Pull out every line with the word "Conductance" from the entries below.
.....
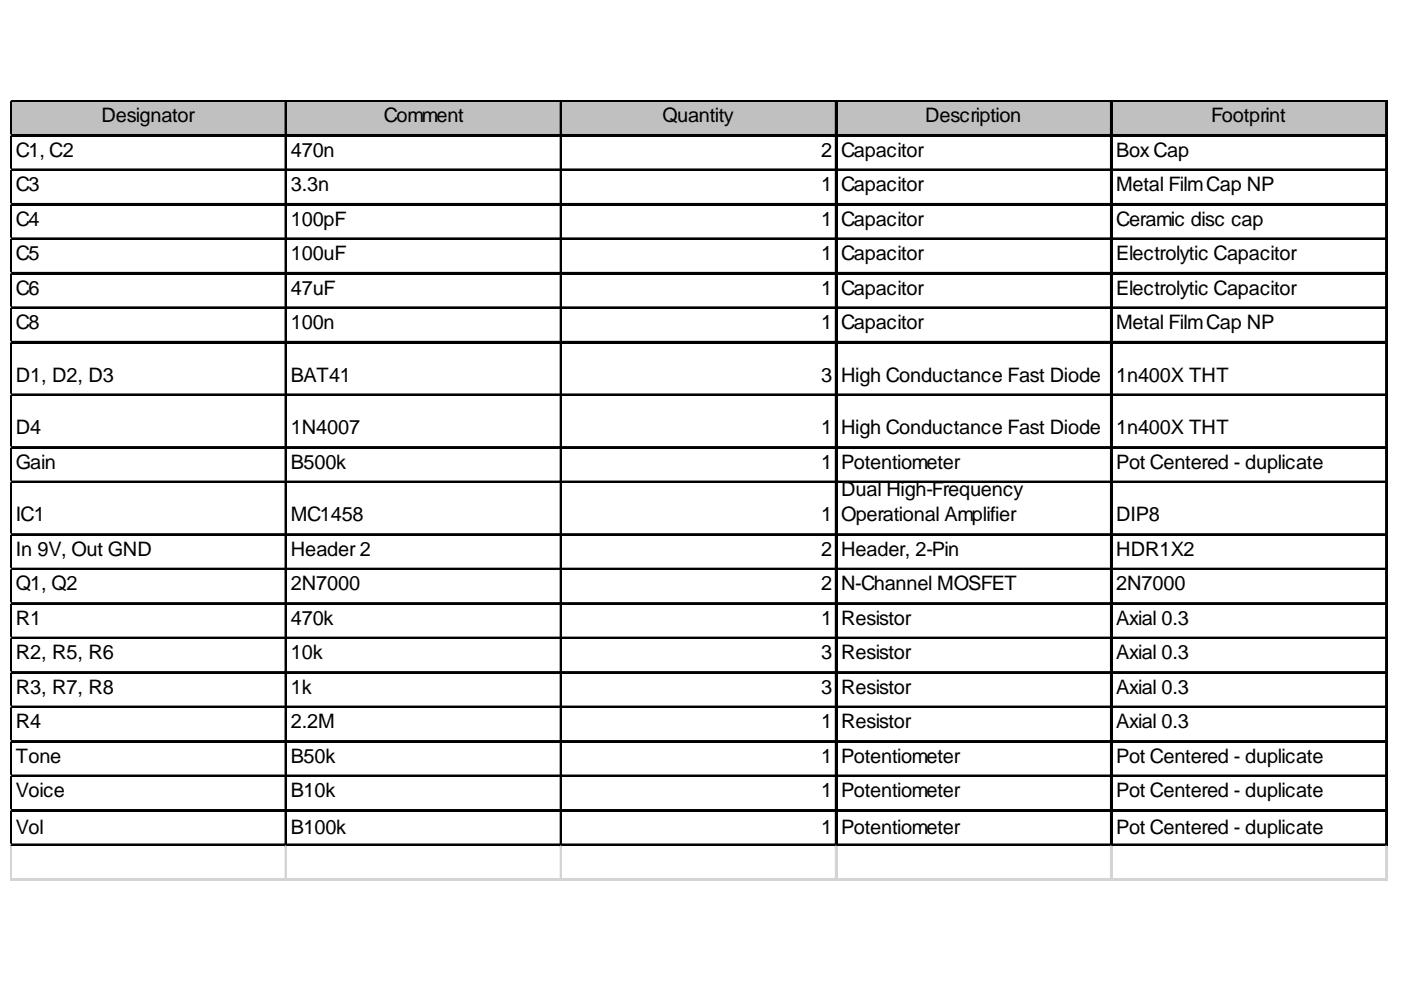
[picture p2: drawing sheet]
<svg xmlns="http://www.w3.org/2000/svg" width="287mm" height="202mm" viewBox="0 0 287 202" stroke-linecap="round" stroke-linejoin="round" font-family="sans-serif">
<defs><g id="words">
<g font-size="4.1">
<text x="20.8" y="25">Designator</text>
<text x="78.6" y="25">Comment</text>
<text x="135.7" y="25">Quantity</text>
<text x="189.4" y="25">Description</text>
<text x="247.9" y="25">Footprint</text>
<text x="3.2" y="32.1">C1, C2</text>
<text x="59.6" y="32.1">470n</text>
<text x="168.1" y="32.1">2</text>
<text x="172.2" y="32.1">Capacitor</text>
<text x="228.5" y="32.1">Box Cap</text>
<text x="3.2" y="39.1">C3</text>
<text x="59.6" y="39.1">3.3n</text>
<text x="168.1" y="39.1">1</text>
<text x="172.2" y="39.1">Capacitor</text>
<text x="228.5" y="39.1">Metal FilmCap NP</text>
<text x="3.2" y="46.2">C4</text>
<text x="59.6" y="46.2">100pF</text>
<text x="168.1" y="46.2">1</text>
<text x="172.2" y="46.2">Capacitor</text>
<text x="228.5" y="46.2">Ceramic disc cap</text>
<text x="3.2" y="53.3">C5</text>
<text x="59.6" y="53.3">100uF</text>
<text x="168.1" y="53.3">1</text>
<text x="172.2" y="53.3">Capacitor</text>
<text x="228.5" y="53.3">Electrolytic Capacitor</text>
<text x="3.2" y="60.3">C6</text>
<text x="59.6" y="60.3">47uF</text>
<text x="168.1" y="60.3">1</text>
<text x="172.2" y="60.3">Capacitor</text>
<text x="228.5" y="60.3">Electrolytic Capacitor</text>
<text x="3.2" y="67.4">C8</text>
<text x="59.6" y="67.4">100n</text>
<text x="168.1" y="67.4">1</text>
<text x="172.2" y="67.4">Capacitor</text>
<text x="228.5" y="67.4">Metal FilmCap NP</text>
<text x="3.2" y="78.2">D1, D2, D3</text>
<text x="59.6" y="78.2">BAT41</text>
<text x="168.1" y="78.2">3</text>
<text x="172.2" y="78.2">High Conductance Fast Diode</text>
<text x="228.5" y="78.2">1n400X THT</text>
<text x="3.2" y="88.9">D4</text>
<text x="59.6" y="88.9">1N4007</text>
<text x="168.1" y="88.9">1</text>
<text x="172.2" y="88.9">High Conductance Fast Diode</text>
<text x="228.5" y="88.9">1n400X THT</text>
<text x="3.2" y="96">Gain</text>
<text x="59.6" y="96">B500k</text>
<text x="168.1" y="96">1</text>
<text x="172.2" y="96">Potentiometer</text>
<text x="172.2" y="101.6">Dual High-Frequency</text>
<text x="228.5" y="96">Pot Centered - duplicate</text>
<text x="3.2" y="106.8">IC1</text>
<text x="59.6" y="106.8">MC1458</text>
<text x="168.1" y="106.8">1</text>
<text x="172.2" y="106.8">Operational Amplifier</text>
<text x="228.5" y="106.8">DIP8</text>
<text x="3.2" y="113.8">In 9V, Out GND</text>
<text x="59.6" y="113.8">Header 2</text>
<text x="168.1" y="113.8">2</text>
<text x="172.2" y="113.8">Header, 2-Pin</text>
<text x="228.5" y="113.8">HDR1X2</text>
<text x="3.2" y="120.9">Q1, Q2</text>
<text x="59.6" y="120.9">2N7000</text>
<text x="168.1" y="120.9">2</text>
<text x="172.2" y="120.9">N-Channel MOSFET</text>
<text x="228.5" y="120.9">2N7000</text>
<text x="3.2" y="128">R1</text>
<text x="59.6" y="128">470k</text>
<text x="168.1" y="128">1</text>
<text x="172.2" y="128">Resistor</text>
<text x="228.5" y="128">Axial 0.3</text>
<text x="3.2" y="135">R2, R5, R6</text>
<text x="59.6" y="135">10k</text>
<text x="168.1" y="135">3</text>
<text x="172.2" y="135">Resistor</text>
<text x="228.5" y="135">Axial 0.3</text>
<text x="3.2" y="142.1">R3, R7, R8</text>
<text x="59.6" y="142.1">1k</text>
<text x="168.1" y="142.1">3</text>
<text x="172.2" y="142.1">Resistor</text>
<text x="228.5" y="142.1">Axial 0.3</text>
<text x="3.2" y="149.2">R4</text>
<text x="59.6" y="149.2">2.2M</text>
<text x="168.1" y="149.2">1</text>
<text x="172.2" y="149.2">Resistor</text>
<text x="228.5" y="149.2">Axial 0.3</text>
<text x="3.2" y="156.2">Tone</text>
<text x="59.6" y="156.2">B50k</text>
<text x="168.1" y="156.2">1</text>
<text x="172.2" y="156.2">Potentiometer</text>
<text x="228.5" y="156.2">Pot Centered - duplicate</text>
<text x="3.2" y="163.3">Voice</text>
<text x="59.6" y="163.3">B10k</text>
<text x="168.1" y="163.3">1</text>
<text x="172.2" y="163.3">Potentiometer</text>
<text x="228.5" y="163.3">Pot Centered - duplicate</text>
<text x="3.2" y="170.7">Vol</text>
<text x="59.6" y="170.7">B100k</text>
<text x="168.1" y="170.7">1</text>
<text x="172.2" y="170.7">Potentiometer</text>
<text x="228.5" y="170.7">Pot Centered - duplicate</text>
</g>
</g></defs>
<path d="M2.1 20.9h281.7v7.1h-281.7z" fill="#c0c0c0"/>
<g fill="none" stroke="#000" stroke-width=".37">
<path d="M2.1 20.6h281.6v152.7M2.1 20.7h281.6M2.1 27.6h281.6M2.1 27.8h281.6M2.1 34.7h281.6M2.1 34.9h281.6M2.1 20.9v152.4M2.3 20.9v152.4M58.4 20.9v152.4M58.6 20.9v152.4M114.8 20.9v152.4M114.9 20.9v152.4"/>
<path d="M171.1 20.9v152.4M171.3 20.9v152.4M227.4 20.9v152.4M227.6 20.9v152.4M283.9 20.6v152.7M2.1 41.7h281.6M2.1 41.9h281.6M2.1 48.8h281.6M2.1 49h281.6M2.1 55.9h281.6M2.1 56.1h281.6M2.1 62.9h281.6"/>
<path d="M2.1 63.1h281.6M2.1 70h281.6M2.1 70.2h281.6M2.1 80.8h281.6M2.1 81h281.6M2.1 91.5h281.6M2.1 91.7h281.6M2.1 98.6h281.6M2.1 98.8h281.6M2.1 109.4h281.6M2.1 109.6h281.6M2.1 116.4h281.6"/>
<path d="M2.1 116.6h281.6M2.1 123.5h281.6M2.1 123.7h281.6M2.1 130.6h281.6M2.1 130.8h281.6M2.1 137.6h281.6M2.1 137.8h281.6M2.1 144.7h281.6M2.1 144.9h281.6M2.1 151.8h281.6M2.1 151.9h281.6M2.1 158.8h281.6"/>
<path d="M2.1 159h281.6M2.1 165.9h281.6M2.1 166.1h281.6M2.1 172.9h281.6M2.1 173.1h281.6"/>
</g>
<g fill="none" stroke="#d4d4d4" stroke-width=".37">
<path d="M2.1 20.6h.1M2.1 173.3v7M2.3 173.3v7M58.4 173.3v7M58.6 173.3v7M114.8 173.3v7M114.9 173.3v7M171.1 173.3v7M171.3 173.3v7M227.4 173.3v7M227.6 173.3v7M283.7 173.3v7"/>
<path d="M283.9 173.3v7"/>
</g>
<path d="M2.1 20.6v.3z" fill="#d4d4d4"/>
<path d="M2.1 27.6h.1" fill="none" stroke="#d4d4d4" stroke-width=".37"/>
<path d="M2.1 27.6v.4z" fill="#d4d4d4"/>
<path d="M2.1 34.7h.1" fill="none" stroke="#d4d4d4" stroke-width=".37"/>
<path d="M2.1 34.7v.4z" fill="#d4d4d4"/>
<path d="M2.1 41.7h.1" fill="none" stroke="#d4d4d4" stroke-width=".37"/>
<path d="M2.1 41.7v.4z" fill="#d4d4d4"/>
<path d="M2.1 48.8h.1" fill="none" stroke="#d4d4d4" stroke-width=".37"/>
<path d="M2.1 48.8v.4z" fill="#d4d4d4"/>
<path d="M2.1 55.9h.1" fill="none" stroke="#d4d4d4" stroke-width=".37"/>
<path d="M2.1 55.9v.3z" fill="#d4d4d4"/>
<path d="M2.1 62.9h.1" fill="none" stroke="#d4d4d4" stroke-width=".37"/>
<path d="M2.1 62.9v.4z" fill="#d4d4d4"/>
<path d="M2.1 70h.1" fill="none" stroke="#d4d4d4" stroke-width=".37"/>
<path d="M2.1 70v.4z" fill="#d4d4d4"/>
<path d="M2.1 80.8h.1" fill="none" stroke="#d4d4d4" stroke-width=".37"/>
<path d="M2.1 80.8v.3z" fill="#d4d4d4"/>
<path d="M2.1 91.5h.1" fill="none" stroke="#d4d4d4" stroke-width=".37"/>
<path d="M2.1 91.5v.4z" fill="#d4d4d4"/>
<path d="M2.1 98.6h.1" fill="none" stroke="#d4d4d4" stroke-width=".37"/>
<path d="M2.1 98.6v.4z" fill="#d4d4d4"/>
<path d="M2.1 109.4h.1" fill="none" stroke="#d4d4d4" stroke-width=".37"/>
<path d="M2.1 109.4v.4z" fill="#d4d4d4"/>
<path d="M2.1 116.4h.1" fill="none" stroke="#d4d4d4" stroke-width=".37"/>
<path d="M2.1 116.4v.4z" fill="#d4d4d4"/>
<path d="M2.1 123.5h.1" fill="none" stroke="#d4d4d4" stroke-width=".37"/>
<path d="M2.1 123.5v.4z" fill="#d4d4d4"/>
<path d="M2.1 130.6h.1" fill="none" stroke="#d4d4d4" stroke-width=".37"/>
<path d="M2.1 130.6v.3z" fill="#d4d4d4"/>
<path d="M2.1 137.6h.1" fill="none" stroke="#d4d4d4" stroke-width=".37"/>
<path d="M2.1 137.6v.4z" fill="#d4d4d4"/>
<path d="M2.1 144.7h.1" fill="none" stroke="#d4d4d4" stroke-width=".37"/>
<path d="M2.1 144.7v.4z" fill="#d4d4d4"/>
<path d="M2.1 151.8h.1" fill="none" stroke="#d4d4d4" stroke-width=".37"/>
<path d="M2.1 151.8v.3z" fill="#d4d4d4"/>
<path d="M2.1 158.8h.1" fill="none" stroke="#d4d4d4" stroke-width=".37"/>
<path d="M2.1 158.8v.4z" fill="#d4d4d4"/>
<path d="M2.1 165.9h.1" fill="none" stroke="#d4d4d4" stroke-width=".37"/>
<path d="M2.1 165.9v.3z" fill="#d4d4d4"/>
<path d="M2.1 172.9h.1" fill="none" stroke="#d4d4d4" stroke-width=".37"/>
<path d="M2.1 172.9v.4z" fill="#d4d4d4"/>
<path d="M2.1 180h282" fill="none" stroke="#d4d4d4" stroke-width=".37"/>
<path d="M2.1 180.2h282" fill="none" stroke="#d4d4d4" stroke-width=".33"/>
<use href="#words"/>
</svg>
.....
◆ RESULT OF THIS EXERCISE:
<text x="172.2" y="78.2">High Conductance Fast Diode</text>
<text x="172.2" y="88.9">High Conductance Fast Diode</text>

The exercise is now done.